Drug exposure impairs cortical plasticity and motor learning, which underlies the reduced behavioral flexibility in drug addiction. Physical exercise has been used to prevent relapse in drug rehabilitation program. However, the potential benefits and molecular mechanisms of physical exercise on drug-evoked motor-cortical dysfunctions are unknown. Here we report that 1-week treadmill training restores cocaine-induced synaptic deficits, in the form of improved in vivo spine formation, synaptic transmission, and spontaneous activities of cortical pyramidal neurons, as well as motor-learning ability. The synaptic and behavioral benefits relied on de novo protein synthesis, which are directed by the activation of the mechanistic target of rapamycin (mTOR)-ribosomal protein S6 pathway. These findings establish synaptic functional restoration and mTOR signaling as the critical mechanism supporting physical exercise training in rehabilitating the addicted brain.

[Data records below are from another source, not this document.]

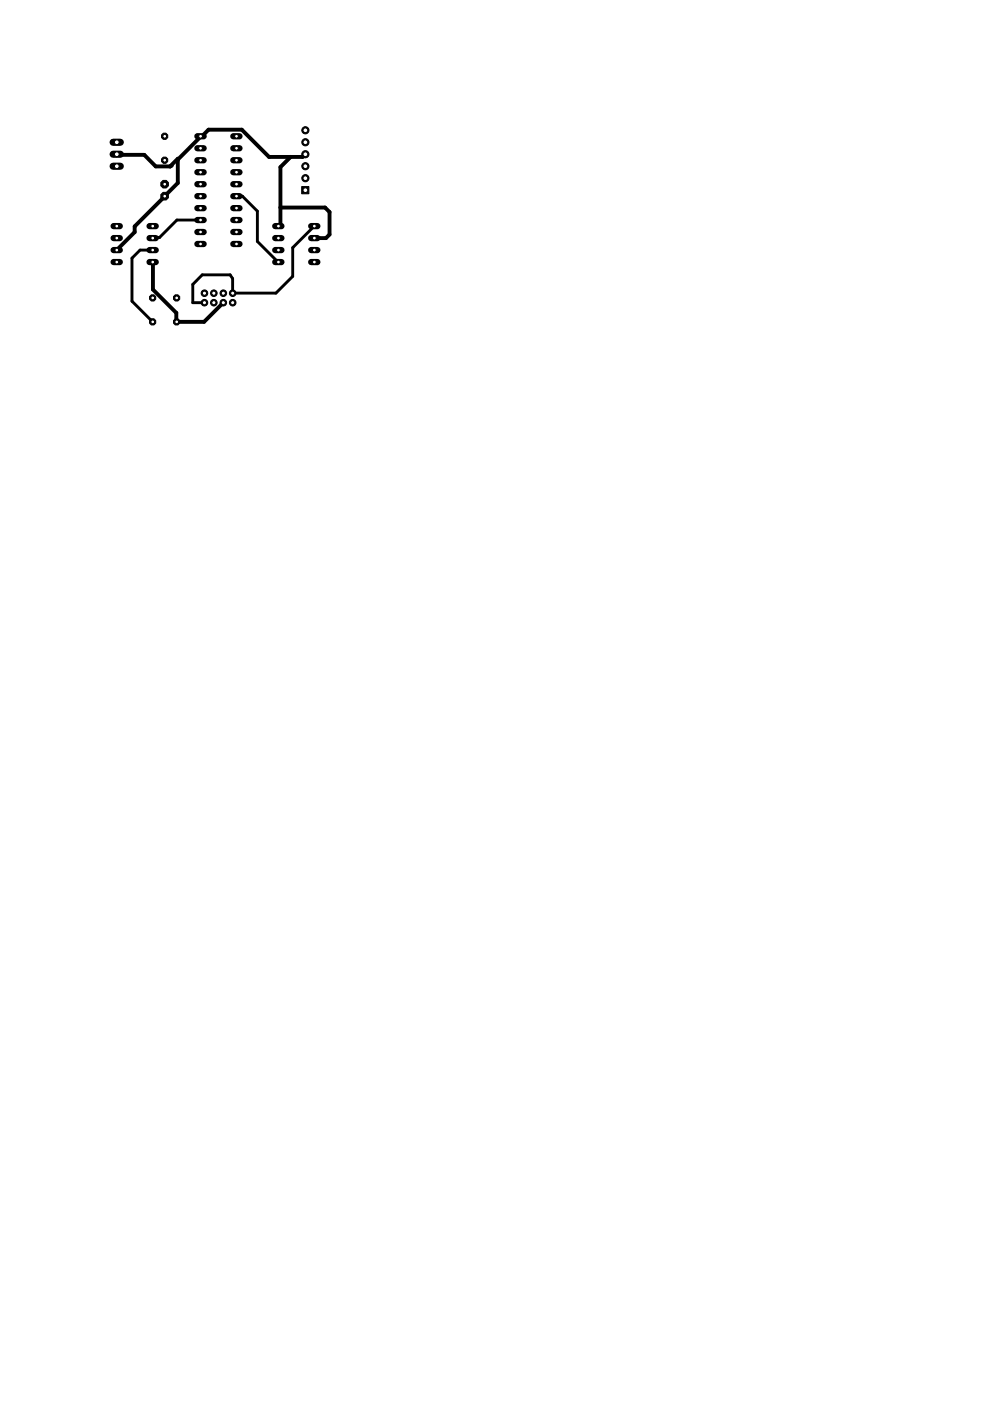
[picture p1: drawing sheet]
<svg xmlns="http://www.w3.org/2000/svg" width="210mm" height="297mm" viewBox="0 0 210 297" stroke-linecap="round" stroke-linejoin="round" font-family="sans-serif">
<path d="M24.7 32.7l.1 .1h5.8l2.4 2.5h3.1l.3-.2M36 35.3l1.7-1.6v5.1l-9.1 9.2v1.2l-3.9 3.8M61.6 33.3l-2.1 2.1v12.1l-.5 .4M64.7 32.7l-.5 .6h-7.2l-5.7-5.8h-7.1l-1.3 1.3-.4 .1-4.8 4.9M32.4 55.6v5.8l5 4.9v1.9h5.9l4-4M59.5 44h9.4l1 1v4.7l-.8 .8h-2.5" fill="none" stroke="#000" stroke-width=".83"/>
<path d="M32.4 53h-2.7l-1.7 1.7v9.2l4.4 4.3M42.5 46.7h-5l-3.7 3.7h-1.4v.1M50.1 41.6h1.3l3.2 3.2v6.4l4.4 4.4M66.6 47.9l-4.5 4.6v6.1l-3.6 3.5-9.2 .1v-3.1l-.5-.8h-5.9l-2 2v3.9h2.4" fill="none" stroke="#000" stroke-width=".61"/>
<circle cx="34.9" cy="41.6" r=".87" fill="#000" stroke="#000" stroke-width=".21"/>
<circle cx="34.9" cy="41.6" r=".4" fill="#fff" stroke="#000" stroke-width=".21"/>
<circle cx="34.9" cy="39.1" r=".87" fill="#000" stroke="#000" stroke-width=".21"/>
<circle cx="34.9" cy="39.1" r=".4" fill="#fff" stroke="#000" stroke-width=".21"/>
<path d="M58.4 55.6h1.3" fill="none" stroke="#000" stroke-width="1.3"/>
<circle cx="59" cy="55.6" r=".4" fill="#fff" stroke="#000" stroke-width=".21"/>
<path d="M58.4 53h1.3" fill="none" stroke="#000" stroke-width="1.3"/>
<circle cx="59" cy="53" r=".4" fill="#fff" stroke="#000" stroke-width=".21"/>
<path d="M66 53h1.3" fill="none" stroke="#000" stroke-width="1.3"/>
<circle cx="66.7" cy="53" r=".4" fill="#fff" stroke="#000" stroke-width=".21"/>
<path d="M66 55.6h1.3" fill="none" stroke="#000" stroke-width="1.3"/>
<circle cx="66.7" cy="55.6" r=".4" fill="#fff" stroke="#000" stroke-width=".21"/>
<path d="M58.4 50.5h1.3" fill="none" stroke="#000" stroke-width="1.3"/>
<circle cx="59" cy="50.5" r=".4" fill="#fff" stroke="#000" stroke-width=".21"/>
<path d="M58.4 47.9h1.3" fill="none" stroke="#000" stroke-width="1.3"/>
<circle cx="59" cy="47.9" r=".4" fill="#fff" stroke="#000" stroke-width=".21"/>
<path d="M66 50.5h1.3" fill="none" stroke="#000" stroke-width="1.3"/>
<circle cx="66.7" cy="50.5" r=".4" fill="#fff" stroke="#000" stroke-width=".21"/>
<path d="M66 47.9h1.3" fill="none" stroke="#000" stroke-width="1.3"/>
<circle cx="66.7" cy="47.9" r=".4" fill="#fff" stroke="#000" stroke-width=".21"/>
<path d="M31.7 47.9h1.3" fill="none" stroke="#000" stroke-width="1.3"/>
<circle cx="32.4" cy="47.9" r=".4" fill="#fff" stroke="#000" stroke-width=".21"/>
<path d="M31.7 50.5h1.3" fill="none" stroke="#000" stroke-width="1.3"/>
<circle cx="32.4" cy="50.5" r=".4" fill="#fff" stroke="#000" stroke-width=".21"/>
<path d="M24.1 50.5h1.3" fill="none" stroke="#000" stroke-width="1.3"/>
<circle cx="24.8" cy="50.5" r=".4" fill="#fff" stroke="#000" stroke-width=".21"/>
<path d="M24.1 47.9h1.3" fill="none" stroke="#000" stroke-width="1.3"/>
<circle cx="24.8" cy="47.9" r=".4" fill="#fff" stroke="#000" stroke-width=".21"/>
<path d="M31.7 53h1.3" fill="none" stroke="#000" stroke-width="1.3"/>
<circle cx="32.4" cy="53" r=".4" fill="#fff" stroke="#000" stroke-width=".21"/>
<path d="M31.7 55.6h1.3" fill="none" stroke="#000" stroke-width="1.3"/>
<circle cx="32.4" cy="55.6" r=".4" fill="#fff" stroke="#000" stroke-width=".21"/>
<path d="M24.1 53h1.3" fill="none" stroke="#000" stroke-width="1.3"/>
<circle cx="24.8" cy="53" r=".4" fill="#fff" stroke="#000" stroke-width=".21"/>
<path d="M24.1 55.6h1.3" fill="none" stroke="#000" stroke-width="1.3"/>
<circle cx="24.8" cy="55.6" r=".4" fill="#fff" stroke="#000" stroke-width=".21"/>
<path d="M24 35.2h1.5" fill="none" stroke="#000" stroke-width="1.5"/>
<circle cx="24.8" cy="35.2" r=".51" fill="#fff" stroke="#000" stroke-width=".21"/>
<path d="M24 32.7h1.5" fill="none" stroke="#000" stroke-width="1.5"/>
<circle cx="24.8" cy="32.7" r=".51" fill="#fff" stroke="#000" stroke-width=".21"/>
<path d="M24 30.2h1.5" fill="none" stroke="#000" stroke-width="1.5"/>
<circle cx="24.8" cy="30.2" r=".51" fill="#fff" stroke="#000" stroke-width=".21"/>
<circle cx="34.9" cy="28.9" r=".71" fill="#000" stroke="#000" stroke-width=".21"/>
<circle cx="34.9" cy="28.9" r=".4" fill="#fff" stroke="#000" stroke-width=".21"/>
<circle cx="34.9" cy="34" r=".71" fill="#000" stroke="#000" stroke-width=".21"/>
<circle cx="34.9" cy="34" r=".4" fill="#fff" stroke="#000" stroke-width=".21"/>
<circle cx="32.4" cy="68.2" r=".71" fill="#000" stroke="#000" stroke-width=".21"/>
<circle cx="32.4" cy="68.2" r=".4" fill="#fff" stroke="#000" stroke-width=".21"/>
<circle cx="32.4" cy="63.2" r=".71" fill="#000" stroke="#000" stroke-width=".21"/>
<circle cx="32.4" cy="63.2" r=".4" fill="#fff" stroke="#000" stroke-width=".21"/>
<circle cx="37.4" cy="68.2" r=".71" fill="#000" stroke="#000" stroke-width=".21"/>
<circle cx="37.5" cy="68.2" r=".4" fill="#fff" stroke="#000" stroke-width=".21"/>
<circle cx="37.4" cy="63.2" r=".71" fill="#000" stroke="#000" stroke-width=".21"/>
<circle cx="37.5" cy="63.2" r=".4" fill="#fff" stroke="#000" stroke-width=".21"/>
<path d="M49.5 28.9h1.3" fill="none" stroke="#000" stroke-width="1.3"/>
<circle cx="50.1" cy="28.9" r=".4" fill="#fff" stroke="#000" stroke-width=".21"/>
<path d="M49.5 31.4h1.3" fill="none" stroke="#000" stroke-width="1.3"/>
<circle cx="50.1" cy="31.4" r=".4" fill="#fff" stroke="#000" stroke-width=".21"/>
<path d="M49.5 44.1h1.3" fill="none" stroke="#000" stroke-width="1.3"/>
<circle cx="50.1" cy="44.1" r=".4" fill="#fff" stroke="#000" stroke-width=".21"/>
<path d="M41.8 44.1h1.4" fill="none" stroke="#000" stroke-width="1.3"/>
<circle cx="42.5" cy="44.1" r=".4" fill="#fff" stroke="#000" stroke-width=".21"/>
<path d="M49.5 34h1.3" fill="none" stroke="#000" stroke-width="1.3"/>
<circle cx="50.1" cy="34" r=".4" fill="#fff" stroke="#000" stroke-width=".21"/>
<path d="M49.5 36.5h1.3" fill="none" stroke="#000" stroke-width="1.3"/>
<circle cx="50.1" cy="36.5" r=".4" fill="#fff" stroke="#000" stroke-width=".21"/>
<path d="M49.5 41.6h1.3" fill="none" stroke="#000" stroke-width="1.3"/>
<circle cx="50.1" cy="41.6" r=".4" fill="#fff" stroke="#000" stroke-width=".21"/>
<path d="M49.5 39.1h1.3" fill="none" stroke="#000" stroke-width="1.3"/>
<circle cx="50.1" cy="39.1" r=".4" fill="#fff" stroke="#000" stroke-width=".21"/>
<path d="M41.8 41.6h1.4" fill="none" stroke="#000" stroke-width="1.3"/>
<circle cx="42.5" cy="41.6" r=".4" fill="#fff" stroke="#000" stroke-width=".21"/>
<path d="M41.8 39.1h1.4" fill="none" stroke="#000" stroke-width="1.3"/>
<circle cx="42.5" cy="39.1" r=".4" fill="#fff" stroke="#000" stroke-width=".21"/>
<path d="M41.8 36.5h1.4" fill="none" stroke="#000" stroke-width="1.3"/>
<circle cx="42.5" cy="36.5" r=".4" fill="#fff" stroke="#000" stroke-width=".21"/>
<path d="M41.8 34h1.4" fill="none" stroke="#000" stroke-width="1.3"/>
<circle cx="42.5" cy="34" r=".4" fill="#fff" stroke="#000" stroke-width=".21"/>
<path d="M41.8 31.4h1.4" fill="none" stroke="#000" stroke-width="1.3"/>
<circle cx="42.5" cy="31.4" r=".4" fill="#fff" stroke="#000" stroke-width=".21"/>
<path d="M41.8 28.9h1.4" fill="none" stroke="#000" stroke-width="1.3"/>
<circle cx="42.5" cy="28.9" r=".4" fill="#fff" stroke="#000" stroke-width=".21"/>
<path d="M49.5 51.7h1.3" fill="none" stroke="#000" stroke-width="1.3"/>
<circle cx="50.1" cy="51.7" r=".4" fill="#fff" stroke="#000" stroke-width=".21"/>
<path d="M49.5 49.2h1.3" fill="none" stroke="#000" stroke-width="1.3"/>
<circle cx="50.1" cy="49.2" r=".4" fill="#fff" stroke="#000" stroke-width=".21"/>
<path d="M49.5 46.7h1.3" fill="none" stroke="#000" stroke-width="1.3"/>
<circle cx="50.1" cy="46.7" r=".4" fill="#fff" stroke="#000" stroke-width=".21"/>
<path d="M41.8 51.7h1.4" fill="none" stroke="#000" stroke-width="1.3"/>
<circle cx="42.5" cy="51.7" r=".4" fill="#fff" stroke="#000" stroke-width=".21"/>
<path d="M41.8 49.2h1.4" fill="none" stroke="#000" stroke-width="1.3"/>
<circle cx="42.5" cy="49.2" r=".4" fill="#fff" stroke="#000" stroke-width=".21"/>
<path d="M41.8 46.7h1.4" fill="none" stroke="#000" stroke-width="1.3"/>
<circle cx="42.5" cy="46.7" r=".4" fill="#fff" stroke="#000" stroke-width=".21"/>
<circle cx="64.7" cy="37.8" r=".76" fill="#000" stroke="#000" stroke-width=".21"/>
<circle cx="64.7" cy="37.8" r=".51" fill="#fff" stroke="#000" stroke-width=".21"/>
<path d="M64 39.6h1.5v1.5h-1.5z" fill="#000" stroke="#000" stroke-width=".21"/>
<circle cx="64.7" cy="40.3" r=".51" fill="#fff" stroke="#000" stroke-width=".21"/>
<circle cx="64.7" cy="35.2" r=".76" fill="#000" stroke="#000" stroke-width=".21"/>
<circle cx="64.7" cy="35.2" r=".51" fill="#fff" stroke="#000" stroke-width=".21"/>
<circle cx="64.7" cy="32.7" r=".76" fill="#000" stroke="#000" stroke-width=".21"/>
<circle cx="64.7" cy="32.7" r=".51" fill="#fff" stroke="#000" stroke-width=".21"/>
<circle cx="64.7" cy="30.2" r=".76" fill="#000" stroke="#000" stroke-width=".21"/>
<circle cx="64.7" cy="30.2" r=".51" fill="#fff" stroke="#000" stroke-width=".21"/>
<circle cx="64.7" cy="27.6" r=".76" fill="#000" stroke="#000" stroke-width=".21"/>
<circle cx="64.7" cy="27.6" r=".51" fill="#fff" stroke="#000" stroke-width=".21"/>
<circle cx="49.3" cy="64.2" r=".7" fill="#000" stroke="#000" stroke-width=".21"/>
<circle cx="49.3" cy="64.2" r=".44" fill="#fff" stroke="#000" stroke-width=".21"/>
<circle cx="49.3" cy="62.2" r=".7" fill="#000" stroke="#000" stroke-width=".21"/>
<circle cx="49.3" cy="62.2" r=".44" fill="#fff" stroke="#000" stroke-width=".21"/>
<circle cx="47.3" cy="64.2" r=".7" fill="#000" stroke="#000" stroke-width=".21"/>
<circle cx="47.3" cy="64.2" r=".44" fill="#fff" stroke="#000" stroke-width=".21"/>
<circle cx="47.3" cy="62.2" r=".7" fill="#000" stroke="#000" stroke-width=".21"/>
<circle cx="47.3" cy="62.2" r=".44" fill="#fff" stroke="#000" stroke-width=".21"/>
<circle cx="45.3" cy="64.2" r=".7" fill="#000" stroke="#000" stroke-width=".21"/>
<circle cx="45.3" cy="64.2" r=".44" fill="#fff" stroke="#000" stroke-width=".21"/>
<circle cx="45.3" cy="62.2" r=".7" fill="#000" stroke="#000" stroke-width=".21"/>
<circle cx="45.3" cy="62.2" r=".44" fill="#fff" stroke="#000" stroke-width=".21"/>
<circle cx="43.3" cy="64.2" r=".7" fill="#000" stroke="#000" stroke-width=".21"/>
<circle cx="43.3" cy="64.2" r=".44" fill="#fff" stroke="#000" stroke-width=".21"/>
<circle cx="43.3" cy="62.2" r=".7" fill="#000" stroke="#000" stroke-width=".21"/>
<circle cx="43.3" cy="62.2" r=".44" fill="#fff" stroke="#000" stroke-width=".21"/>
</svg>

药物暴露会损害皮质可塑性和运动学习，这是药物成瘾行为灵活性降低的基础。体育锻炼已被用于预防药物康复计划中的复发。然而，体育锻炼对药物诱发的运动皮层功能障碍的潜在益处和分子机制尚不清楚。在这里，我们报告 1 周的跑步机训练以改善体内脊柱形成、突触传递和皮质锥体神经元的自发活动以及运动学习能力的形式恢复了可卡因诱导的突触缺陷。突触和行为益处依赖于从头开始蛋白质合成，这是由雷帕霉素 (mTOR)-核糖体蛋白 S6 通路的机制靶点的激活所指导的。这些发现确立了突触功能恢复和 mTOR 信号转导是支持体育锻炼训练恢复成瘾大脑的关键机制。